CorrespondentDream: Enhancing 3D Fidelity of Text-to-3D using Cross-View Correspondences
Seungwook Kim, Kejie Li, Xueqing Deng, Yichun Shi, Minsu Cho, Peng Wang
TL;DR
Zero-shot text-to-3D methods with diffusion priors yield realistic 2D renders but often produce geometrically inconsistent 3D shapes. CorrespondentDream introduces an annotation-free cross-view correspondence loss $\mathcal{L}_{\textrm{corr}}$ derived from diffusion U-Net features to supplement the SDS-based NeRF optimization, using adjacent view sets and a two-stage training schedule.

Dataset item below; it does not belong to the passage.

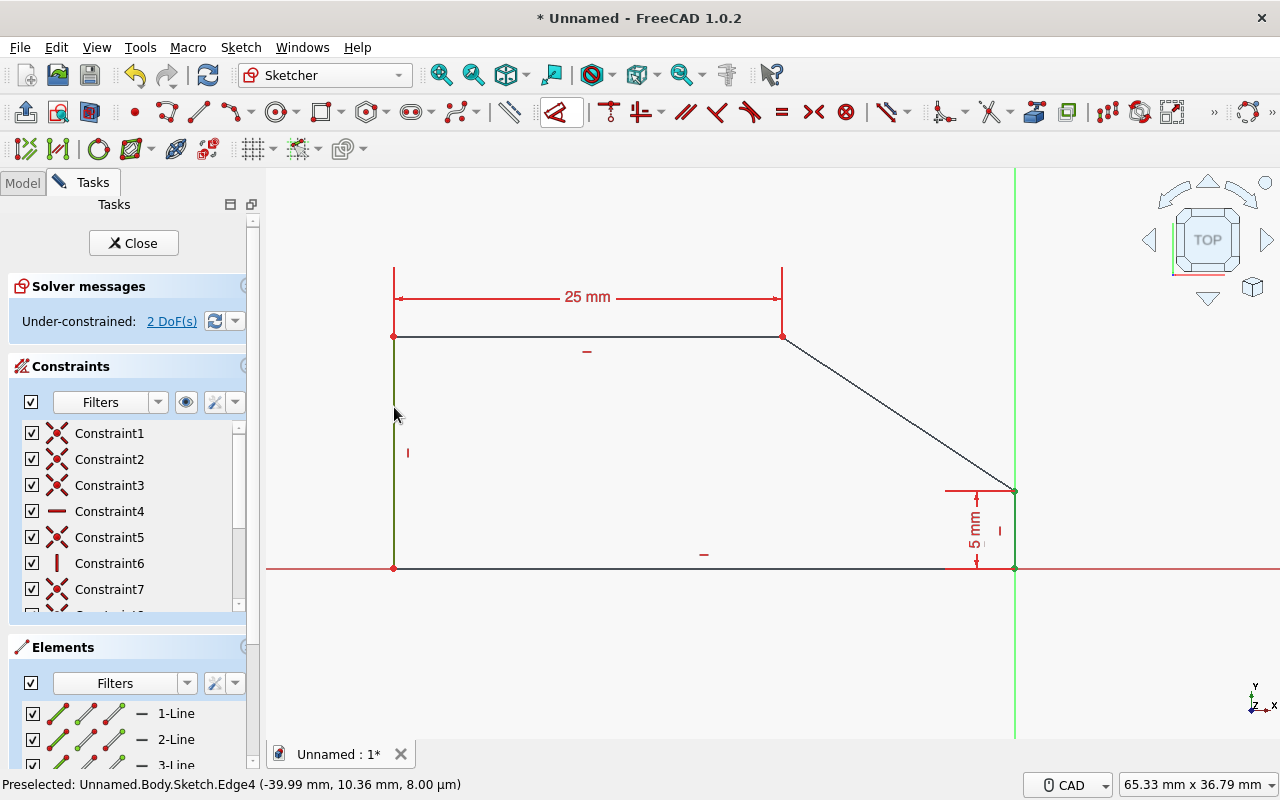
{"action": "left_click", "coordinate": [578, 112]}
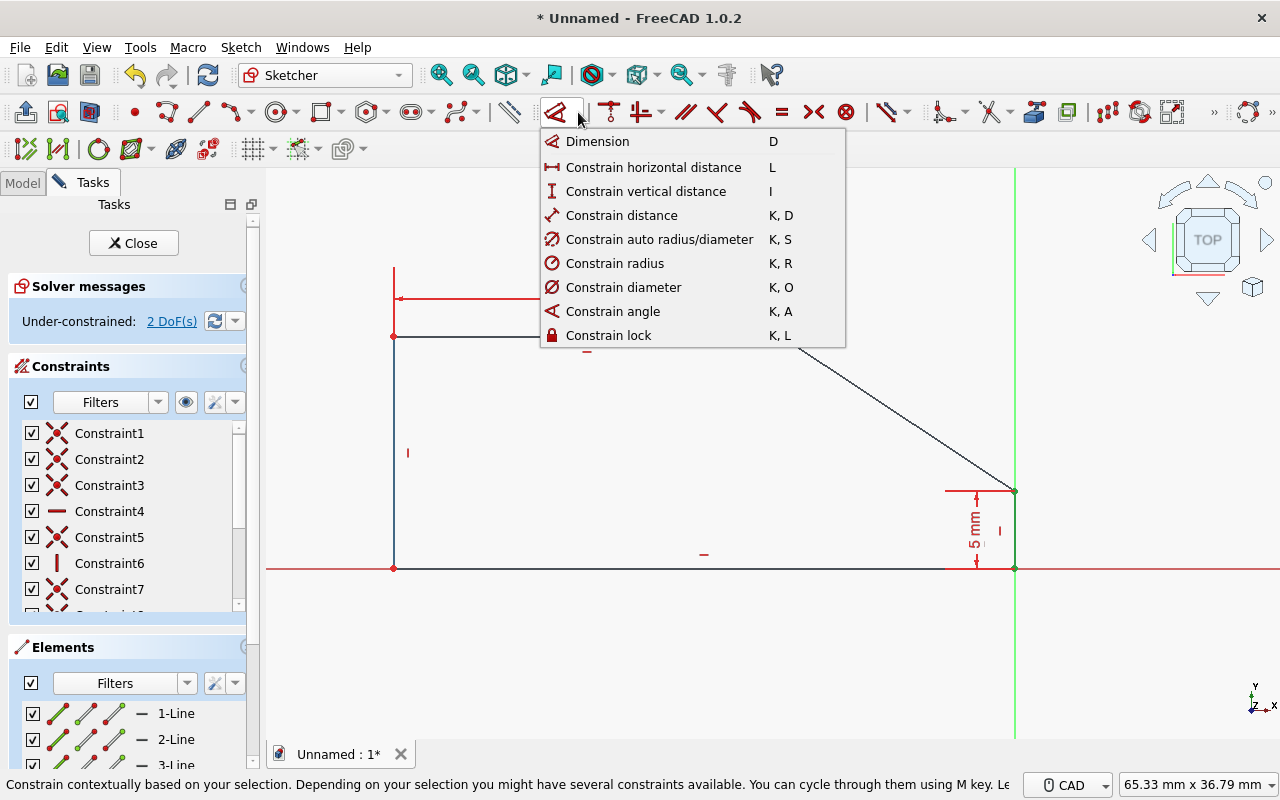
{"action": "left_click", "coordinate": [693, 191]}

Dense cross-view correspondences are computed from diffusion features and aligned with NeRF reprojections via a weighted Huber loss, with an alternating optimization scheme to balance 2D guidance and 3D geometry corrections. Results show notable improvements in 3D fidelity and a favorable user study outcome, demonstrating enhanced 3D geometry without requiring additional supervision or new priors.
Abstract
Leveraging multi-view diffusion models as priors for 3D optimization have alleviated the problem of 3D consistency, e.g., the Janus face problem or the content drift problem, in zero-shot text-to-3D models. However, the 3D geometric fidelity of the output remains an unresolved issue; albeit the rendered 2D views are realistic, the underlying geometry may contain errors such as unreasonable concavities. In this work, we propose CorrespondentDream, an effective method to leverage annotation-free, cross-view correspondences yielded from the diffusion U-Net to provide additional 3D prior to the NeRF optimization process. We find that these correspondences are strongly consistent with human perception, and by adopting it in our loss design, we are able to produce NeRF models with geometries that are more coherent with common sense, e.g., more smoothed object surface, yielding higher 3D fidelity. We demonstrate the efficacy of our approach through various comparative qualitative results and a solid user study.